● WHAT THE TASK ASKS: Your response must be an exact transcription of the lines from the one containing "3) person [1063, 600, 1087, 689]" through the final line of the data.

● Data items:
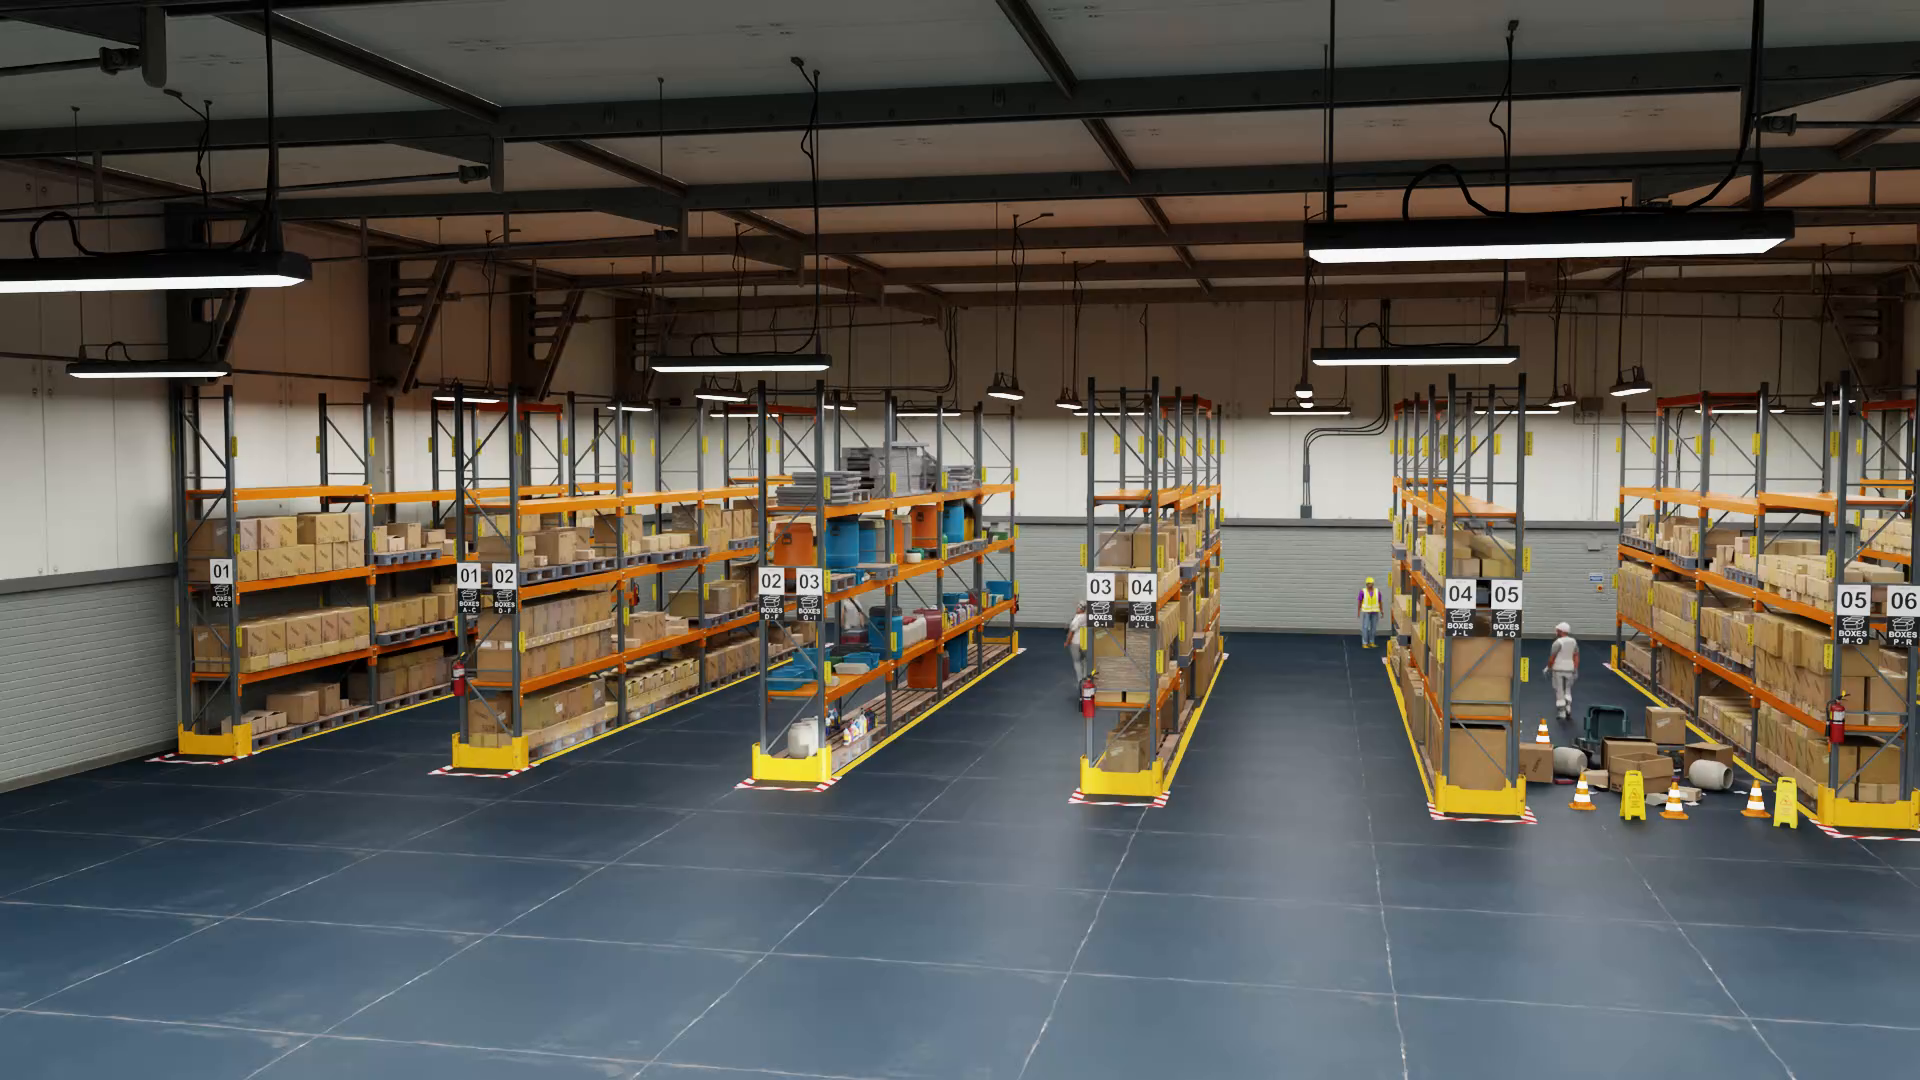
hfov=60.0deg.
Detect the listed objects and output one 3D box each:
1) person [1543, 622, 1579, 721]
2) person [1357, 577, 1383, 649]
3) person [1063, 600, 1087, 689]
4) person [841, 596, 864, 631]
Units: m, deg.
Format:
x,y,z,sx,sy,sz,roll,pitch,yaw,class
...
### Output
x,y,z,sx,sy,sz,roll,pitch,yaw,class
10.974,2.406,30.319,0.614,1.822,0.542,0,3,5,person
10.222,1.813,41.376,0.632,1.782,0.560,0,3,2,person
2.401,2.133,33.606,0.577,1.850,0.489,-2,4,-33,person
-2.470,1.934,38.113,0.598,1.615,1.062,0,3,9,person

● ANSWER FOR THE TASK:
3) person [1063, 600, 1087, 689]
4) person [841, 596, 864, 631]
Units: m, deg.
Format:
x,y,z,sx,sy,sz,roll,pitch,yaw,class
...
### Output
x,y,z,sx,sy,sz,roll,pitch,yaw,class
10.974,2.406,30.319,0.614,1.822,0.542,0,3,5,person
10.222,1.813,41.376,0.632,1.782,0.560,0,3,2,person
2.401,2.133,33.606,0.577,1.850,0.489,-2,4,-33,person
-2.470,1.934,38.113,0.598,1.615,1.062,0,3,9,person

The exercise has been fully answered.